Manolo Florentino (1997:147) também faz afirmativas nessa direção: “o
incremento da participação de pequenas naus, em princípio mais velozes [...] pode ter
sido a causa maior do encurtamento das viagens e, portanto, da queda da mortalidade a
bordo”. Dessa forma, Florentino e Carvalho defendem a ideia de que o tamanho dos
navios negreiros estava diminuindo com o tempo, afirmativa não respaldada pela análise
dos novos dados.
Analisando os dados da nova base percebemos que as médias de escravos
desembarcados nas décadas de 20, 30 e 40 do século XIX foram, respectivamente, de
315,09; 328,46; 362,87 por navio. A análise dessas informações nos leva a conclusão de
que os tamanhos dos navios estavam aumentando e não diminuindo.
Há indícios de que a tonelagem3 média dos navios foi crescente no século XIX,
o que reforça a ideia discorrida acima. Segue abaixo o gráfico da tonelagem média dos
navios ao longo dos anos no período de 1788 a 1851.

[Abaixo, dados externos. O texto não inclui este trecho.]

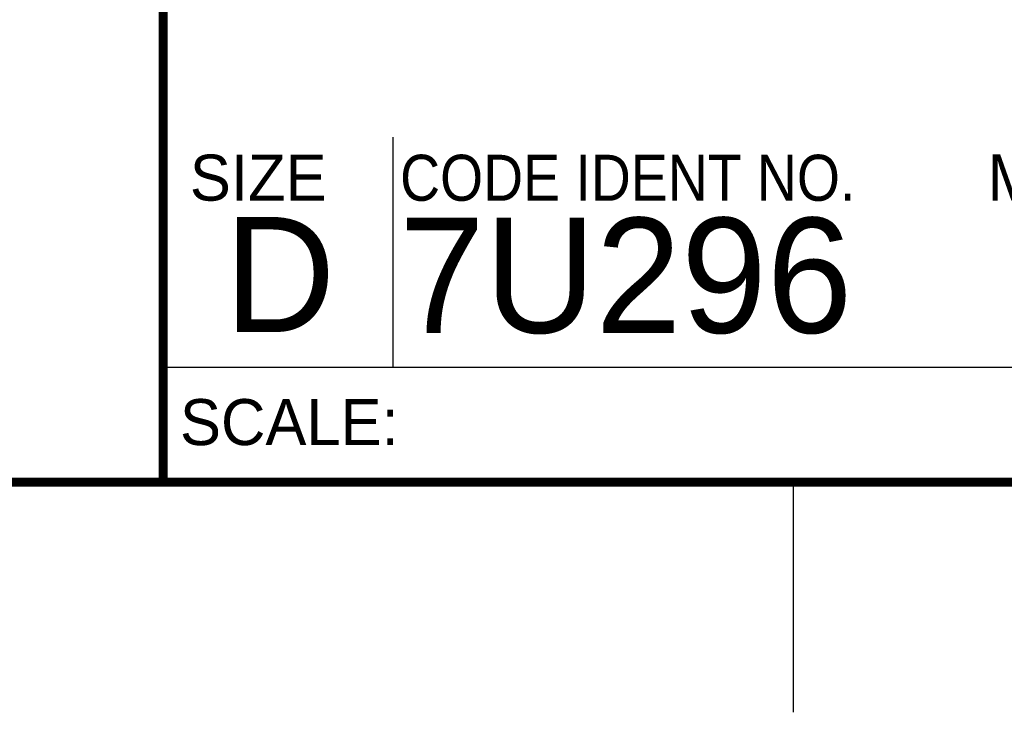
# Model space of a CAD drawing. Header units: inches. Extents: x 0 to 34, y 0 to 22.
# Tile 7 of 21: x 28.1 to 30.2, y 0 to 1.5. Entities that reach past the tile are written whole.
import ezdxf

# ---------------------------------------------------------------- set-up
doc = ezdxf.new("R2010")
doc.units = ezdxf.units.IN
doc.header["$LTSCALE"] = 1.87
doc.header["$MEASUREMENT"] = 0
doc.layers.get('0').update_dxf_attribs({"linetype": 'CONTINUOUS'})
doc.styles.add('TEXTSTYLE_2', font='txt')
doc.styles.add('TEXTSTYLE_3', font='txt', dxfattribs={"width": 0.9})

msp = doc.modelspace()

# ---------------------------------------------------------------- linework, layer by layer
at = {"color": 2, "linetype": 'CONTINUOUS'}
for p, q in [((28.88, 0.75), (28.88, 1.25)), ((28.38, 0.75), (33.5, 0.75)), ((29.75, 0), (29.75, 0.5))]:
    msp.add_line(p, q, dxfattribs=at)
at = {"color": 7, "linetype": 'CONTINUOUS', "const_width": 0.02}
for points in [[(28.38, 3), (28.38, 0.5)], [(0.5, 0.5), (33.5, 0.5)]]:
    msp.add_lwpolyline(points, dxfattribs=at)

# ---------------------------------------------------------------- texts
at = {"color": 2, "linetype": 'CONTINUOUS', "char_height": 0.1, "attachment_point": 1, "line_spacing_factor": 0.9}
for s, insert, width, style in [('MM/DD/YYYY', (30.1721, 1.2121), 1, 'TEXTSTYLE_2'), ('SIZE', (28.4379, 1.2118), 0.4, 'TEXTSTYLE_2'), ('CODE IDENT NO.', (28.8949, 1.2115), 1.26, 'TEXTSTYLE_3'), ('SCALE:', (28.4164, 0.6806), 0.6, 'TEXTSTYLE_2')]:
    msp.add_mtext(s, dxfattribs=dict(at, insert=insert, width=width, style=style))
at = {"color": 7, "linetype": 'CONTINUOUS', "char_height": 0.25, "attachment_point": 1, "line_spacing_factor": 0.9, "style": 'TEXTSTYLE_2'}
for s, insert, width in [('D  ', (28.5128, 1.0764), 0.75), ('7U296', (28.8928, 1.0745), 1.25)]:
    msp.add_mtext(s, dxfattribs=dict(at, insert=insert, width=width))

doc.saveas('drawing.dxf')

Figura 3. Tonelagem média dos navios, que desembarcaram em Pernambuco, por
ano (1788-1851)
3 De acordo com o glossário do site www.slavevoyages.org, “Tonnage: The amount of cargo a vessel is
able to carry expressed in imperial tons. Slaving vessels were typically smaller in tonnage than their non-
slaving”.
Fonte: Voyages Database.
As tonelagens médias dos navios nas décadas de 20, 30 e 40 foram de 143;
148,37 e 166,52. Klein (1999:143) já tinha percebido esse aumento no número de
escravos desembarcados por navio e já havia relacionado isso a um aumento na
tonelagem e tamanho dos mesmos: “there was a progressive increase of slaves carried
per ship as average tonnage increased […]” (p. 143); e, com referência específica a
navios portugueses: “the average number of slaves carried per trip was constantly on the
increase over the course of [the 18th century]” provavelmente pelo uso de “larger
vessels, rather than changes in crowding slaves” (Klein,1999:148).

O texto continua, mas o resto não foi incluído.